Inter-Juve, prove generali con trappola

La capolista a Genova con Conte che pensa di far riposare bomber Lukaku. La Juve contro la Spal con Matuidi terzino
MILANO. Eliminare gli alti e bassi. Antonio Conte, alla vigilia della partita di oggi pomeriggio (ore 18) contro la Sampdoria fanalino di coda, individua il peggior nemico dell'Inter: se stessa. «Dobbiamo continuare con la stessa voglia delle altre partite. La continuità di risultati», spiega Conte, «è importante ma se si vuole essere protagonisti bisogna eliminare gli alti e bassi. Quali sono? Basta guardare nello storico degli ultimi nove anni dell'Inter. Non sono il primo a vincere cinque partite, questo gruppo due anni fa era in testa alla classifica a dicembre, non a settembre. Per poi raggiungere la Champions vincendo all'ultima giornata con la Lazio. C'è uno storico e questo storico deve farci alzare le antenne e tirare fuori le unghie. I cavalli buoni si vedono alla fine». Basta cali di tensione, l'Inter ha spesso staccato la spina nel girone di ritorno, buttando al vento quanto di buono fatto nella prima parte di campionato. Le parole d'ordine ad Appiano sono solidità e stabilità.

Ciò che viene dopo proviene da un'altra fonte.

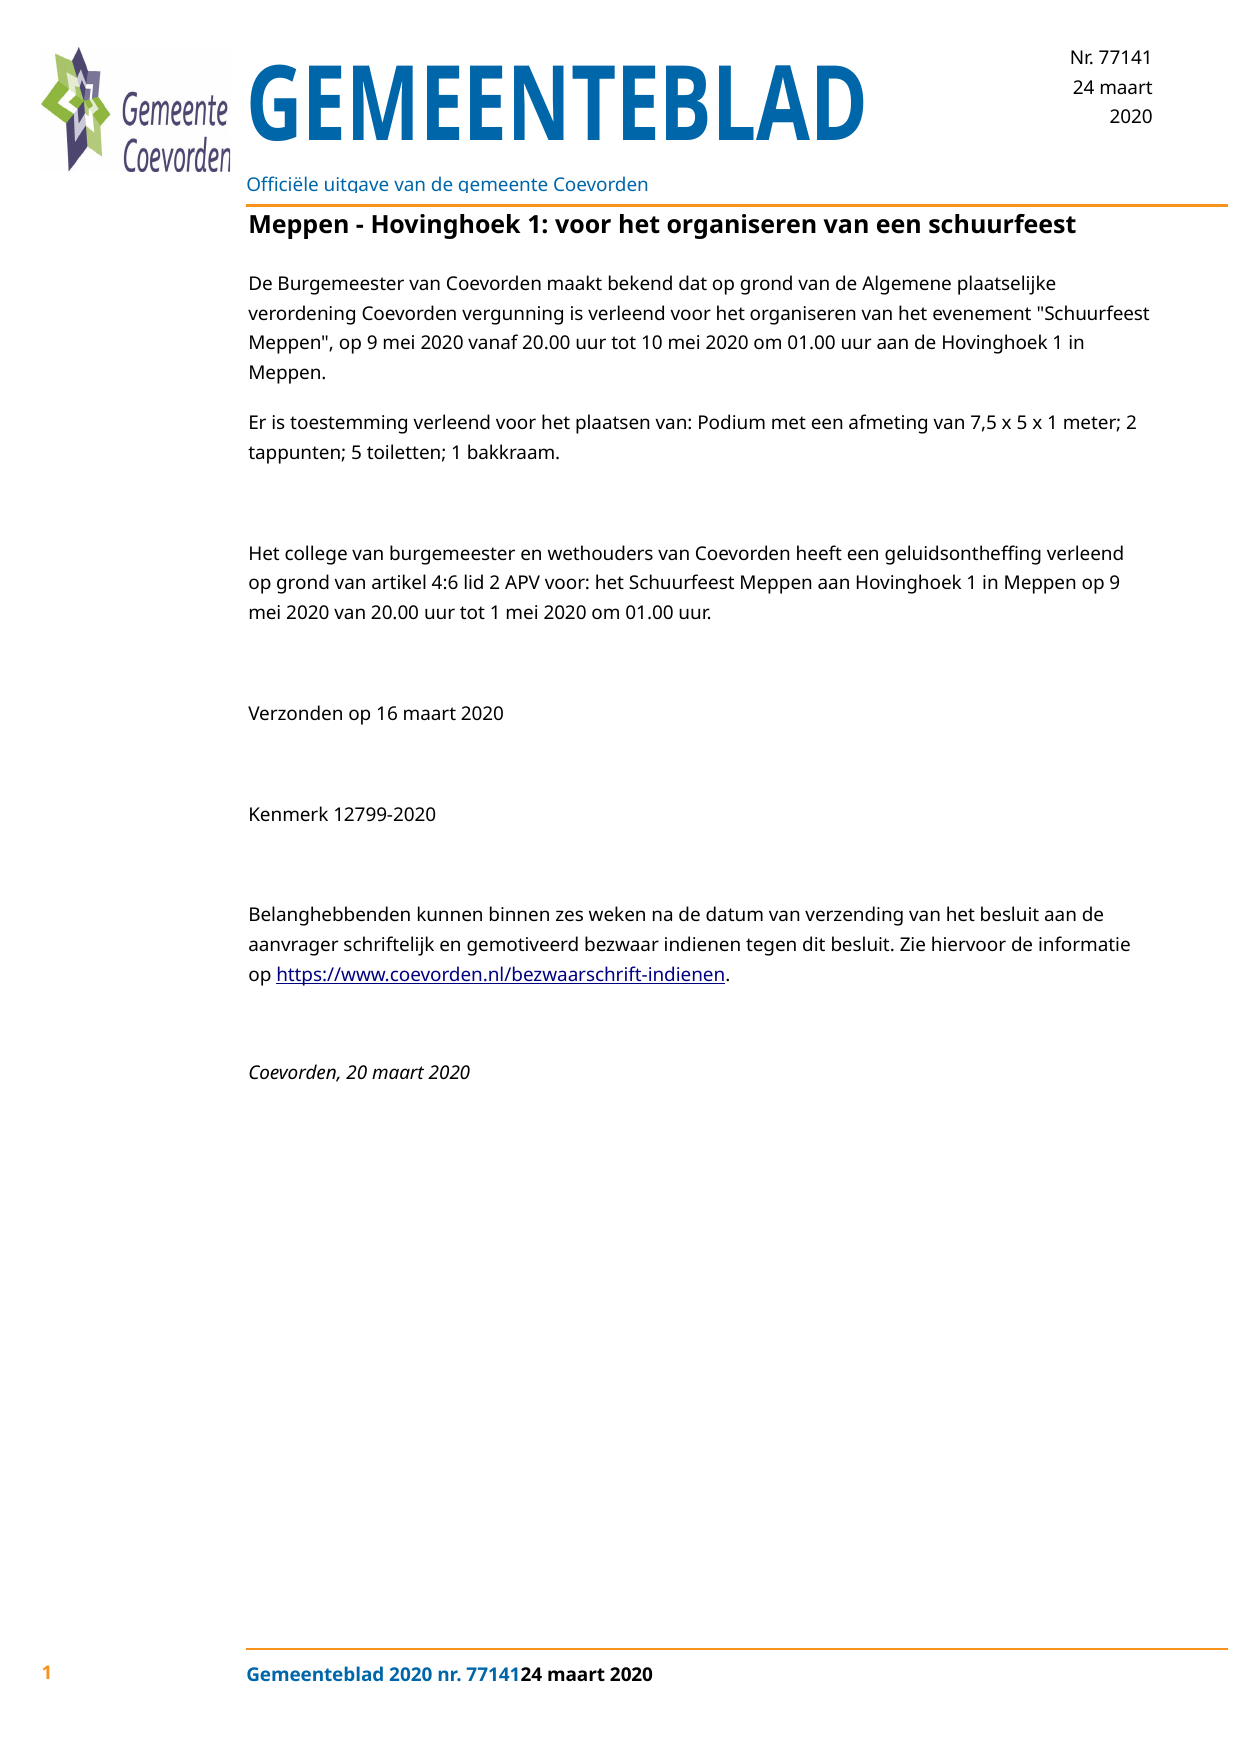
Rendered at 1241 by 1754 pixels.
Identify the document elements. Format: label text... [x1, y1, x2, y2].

Il primo posto in classifica saldamente in mano da cinque partite, tutte vinte, con un solo gol subito, fa subito parlare di scudetto con un parallelismo alla sua prima Juventus, ereditata da un settimo posto. «Non siamo tra i favoriti, Juventus e Napoli sono davanti a noi», spiega, «in maniera importante. La qualità del campionato si è alzata. La Lazio è una squadra forte e può lottare per stare tra le prime quattro. Il Milan è in un momento così ma ha buoni giocatori, buon allenatore e società forte». Per Conte ci sarà da lottare fino alla fine, come fece in bianconero ma senza paragoni: «I parallelismi sono difficili, sono situazioni diverse. Fummo bravi a vincere da imbattuti pareggiandone tante ma le difficoltà le trovammo».
Conte dovrà misurare le energie della squadra, perché la Samp è una prova della maturità in vista di Barcellona e Juventus. Quindi si cambierà in difesa, concedendo una partita di riposo a Godin (pronto Bastoni). Potrebbe tornare Candreva dopo due panchine consecutive e non è escluso che Lukaku ceda il posto per la prima volta in questa stagione a Sanchez. «Se Lukaku gioca? È un giocatore che fa parte della rosa», risponde criptico Conte. «Giocare a Marassi è sempre un'insidia. La Samp è una buona squadra con un bravo tecnico»
LE FORMAZIONI
SAMPDORIA (3-4-1-2): 1 Audero, 24 Bereszynski, 5 Chabot, 15 Colley, 12 Depaoli, 4 Vieira, 6 Ekdal, 29 Murru, 10 Rigoni, 17 Caprari, 27 Quagliarella. Allenatore: Di Francesco.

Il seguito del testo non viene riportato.